On 11/30/18 5:41 PM, Ioi Lam wrote:
> (Resending since my last mail seems to have been mangled)
>
> Hi Jiangli,
>
> Thanks for the review!
>
> Updated webrev: 
> http://cr.openjdk.java.net/~iklam/jdk12/8214388-dumptime-fragmentation.v03-delta/
>
>
> On 11/30/18 1:04 PM, Jiangli Zhou wrote:
>> Hi Ioi,
>>
>> - src/hotspot/share/gc/g1/g1Arguments.cpp
>>
>> You missed FLAG_SET_ERGO(bool, ExplicitGCInvokesConcurrent, false);
>
>
> As Stefan mentioned below, doing this is not necessary because I have 
> added a new GC cause.
>
>>
>> - src/hotspot/share/gc/g1/g1CollectedHeap.cpp
>>
>> - src/hotspot/share/gc/shared/adaptiveSizePolicy.cpp
>>
>> Above files have no change.
>>
>
> I had multiple MQ patches that cancel each other out. Webrev still 
> generates an empty diff for those files. Please ignore them.
>
>
>> - src/hotspot/share/gc/g1/g1HeapVerifier.cpp
>>
>>  320     log_warning(gc, verify)("All free regions should be at the 
>> top end of the heap, but "
>>  321                             " we found holes. This is probably 
>> caused by (unmovable) humongous"
>>  322                             " allocations, and may lead to 
>> fragmentation while"
>>  323                             " writing archive heap memory 
>> regions.");
>>
>> This warning is not very clear and can be false alarming. The hole in 
>> the middle of the heap causes heap fragmentation, but not necessarily 
>> in the archived regions. I'd leave the warning out and let the 
>> existing code in FileMapInfo::write_archive_heap_regions to detect 
>> archive fragmentation and report error.
>>
>
> This warning is about a *possibility* of fragmentation. It gives the 
> user a chance to check what's going on, without having to wait for an 
> actual failure to happen.
>
> In practice, this means if the JDK start-up code is changed in the 
> future to allocate a humongous array, someone will discover this while 
> building the JDK and dumping the default archive. That way, we can fix 
> the JDK to avoid the use of humongous arrays.
>
> In fact, I just modified the code to warn against humongous regions 
> even if no holes are found.
>
>
>> - src/hotspot/share/gc/shared/gcCause.cpp
>>
>> I'd suggest renaming _cds_dump to _archive_time_gc. The word 
>> 'archive' has been adapted to be used in GC code.
>>
>> - src/hotspot/share/memory/filemap.cpp
>>
>
> Done
>
>
>> I see no change for line 686?
>>
>> - src/hotspot/share/memory/heapShared.cpp
>>
>
> A space character is missing after the word "fragmentation."
>
>
>> Please revert the renaming for 
>> HeapShared::check_closed_archive_heap_region_object. 
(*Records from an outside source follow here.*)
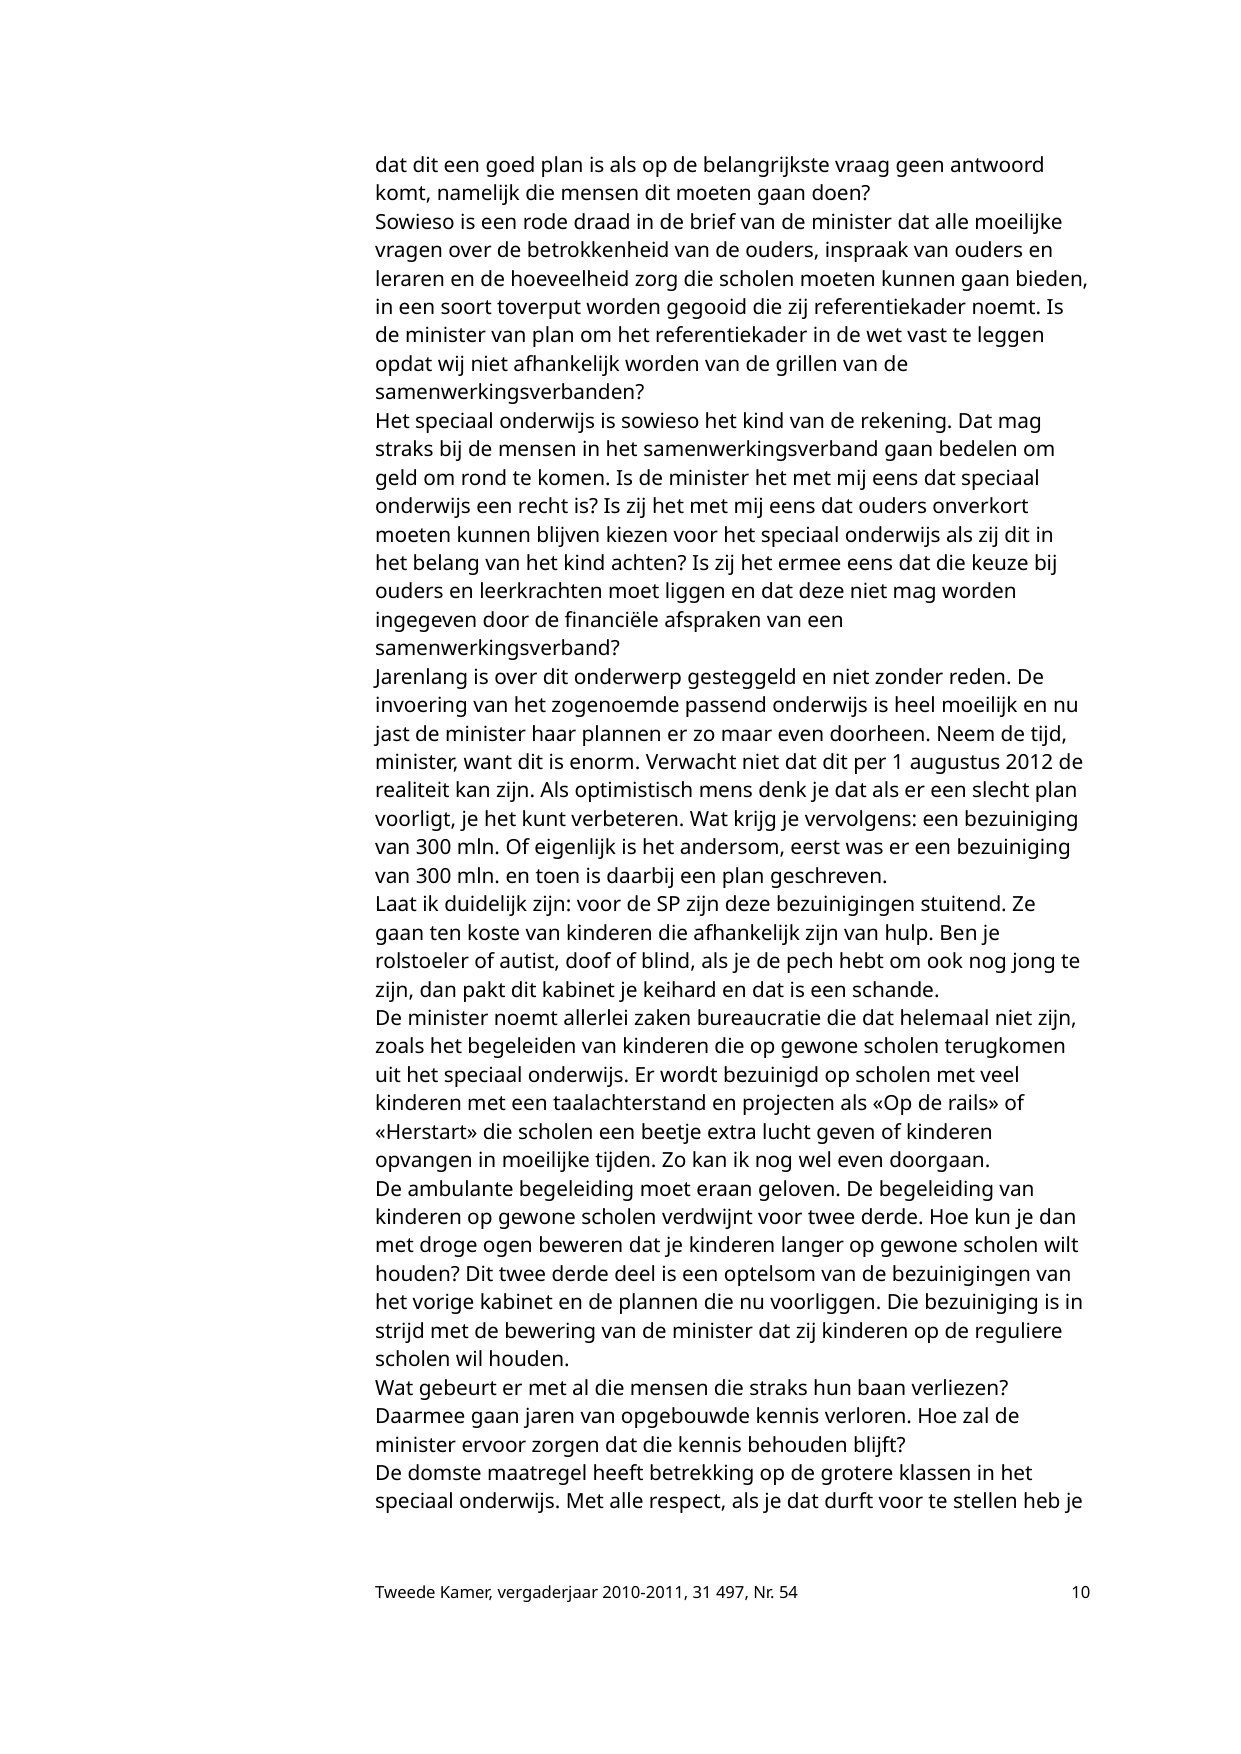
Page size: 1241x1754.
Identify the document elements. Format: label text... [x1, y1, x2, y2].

text Sowieso is een rode draad in de brief van de minister dat alle moeilijke vragen over de betrokkenheid van de ouders, inspraak van ouders en leraren en de hoeveelheid zorg die scholen moeten kunnen gaan bieden, in een soort toverput worden gegooid die zij referentiekader noemt. Is de minister van plan om het referentiekader in de wet vast te leggen opdat wij niet afhankelijk worden van de grillen van de samenwerkingsverbanden? [375, 207, 1090, 406]
text Laat ik duidelijk zijn: voor de SP zijn deze bezuinigingen stuitend. Ze gaan ten koste van kinderen die afhankelijk zijn van hulp. Ben je rolstoeler of autist, doof of blind, als je de pech hebt om ook nog jong te zijn, dan pakt dit kabinet je keihard en dat is een schande. [375, 889, 1090, 1003]
text De ambulante begeleiding moet eraan geloven. De begeleiding van kinderen op gewone scholen verdwijnt voor twee derde. Hoe kun je dan met droge ogen beweren dat je kinderen langer op gewone scholen wilt houden? Dit twee derde deel is een optelsom van de bezuinigingen van het vorige kabinet en de plannen die nu voorliggen. Die bezuiniging is in strijd met de bewering van de minister dat zij kinderen op de reguliere scholen wil houden. [375, 1174, 1090, 1373]
text De minister noemt allerlei zaken bureaucratie die dat helemaal niet zijn, zoals het begeleiden van kinderen die op gewone scholen terugkomen uit het speciaal onderwijs. Er wordt bezuinigd op scholen met veel kinderen met een taalachterstand en projecten als «Op de rails» of «Herstart» die scholen een beetje extra lucht geven of kinderen opvangen in moeilijke tijden. Zo kan ik nog wel even doorgaan. [375, 1003, 1090, 1174]
text dat dit een goed plan is als op de belangrijkste vraag geen antwoord komt, namelijk die mensen dit moeten gaan doen? [375, 150, 1090, 207]
text De domste maatregel heeft betrekking op de grotere klassen in het speciaal onderwijs. Met alle respect, als je dat durft voor te stellen heb je [375, 1458, 1090, 1515]
text Jarenlang is over dit onderwerp gesteggeld en niet zonder reden. De invoering van het zogenoemde passend onderwijs is heel moeilijk en nu jast de minister haar plannen er zo maar even doorheen. Neem de tijd, minister, want dit is enorm. Verwacht niet dat dit per 1 augustus 2012 de realiteit kan zijn. Als optimistisch mens denk je dat als er een slecht plan voorligt, je het kunt verbeteren. Wat krijg je vervolgens: een bezuiniging van 300 mln. Of eigenlijk is het andersom, eerst was er een bezuiniging van 300 mln. en toen is daarbij een plan geschreven. [375, 662, 1090, 889]
text Het speciaal onderwijs is sowieso het kind van de rekening. Dat mag straks bij de mensen in het samenwerkingsverband gaan bedelen om geld om rond te komen. Is de minister het met mij eens dat speciaal onderwijs een recht is? Is zij het met mij eens dat ouders onverkort moeten kunnen blijven kiezen voor het speciaal onderwijs als zij dit in het belang van het kind achten? Is zij het ermee eens dat die keuze bij ouders en leerkrachten moet liggen en dat deze niet mag worden ingegeven door de financiële afspraken van een samenwerkingsverband? [375, 406, 1090, 662]
text Wat gebeurt er met al die mensen die straks hun baan verliezen? Daarmee gaan jaren van opgebouwde kennis verloren. Hoe zal de minister ervoor zorgen dat die kennis behouden blijft? [375, 1373, 1090, 1458]

>> HeapShared::check_closed_archive_heap_region_object_class is not 
>> correct. We check the objects in the graph, not the classes. It's 
>> better to use a separate bug and changeset for the bug fix in this 
>> function. So it's not mixed with the change for 8214388 for better 
>> back-tracking.
>>
>
> I'll revert the whole change and create a new bug.
>
> I found the name check_closed_archive_heap_region_object confusing 
> because it says "object" but passes a class. I think it's better to 
> pass the object, and then have this function read the class from the 
> object. I'll send a separate RFR.
>
>
>> - src/hotspot/share/memory/metaspaceShared.cpp
>>
>> The G1 specific code needs to be wrapped with #if INCLUDE_G1GC.
>>
>> 391           log_warning(cds)("[line %d] extra interned string 
>> ignored; size too large: %d",
>> 392                            reader.last_line_no(), utf8_length);
>>
>> You can use cds+heap for object archiving related logging.
>>
>
> Done
>
>
>> - 1718     if (UseG1GC && 
>> HeapShared::is_heap_object_archiving_allowed()) {
>>
>> As Stefan also pointed out, you don't need UseG1GC check here. 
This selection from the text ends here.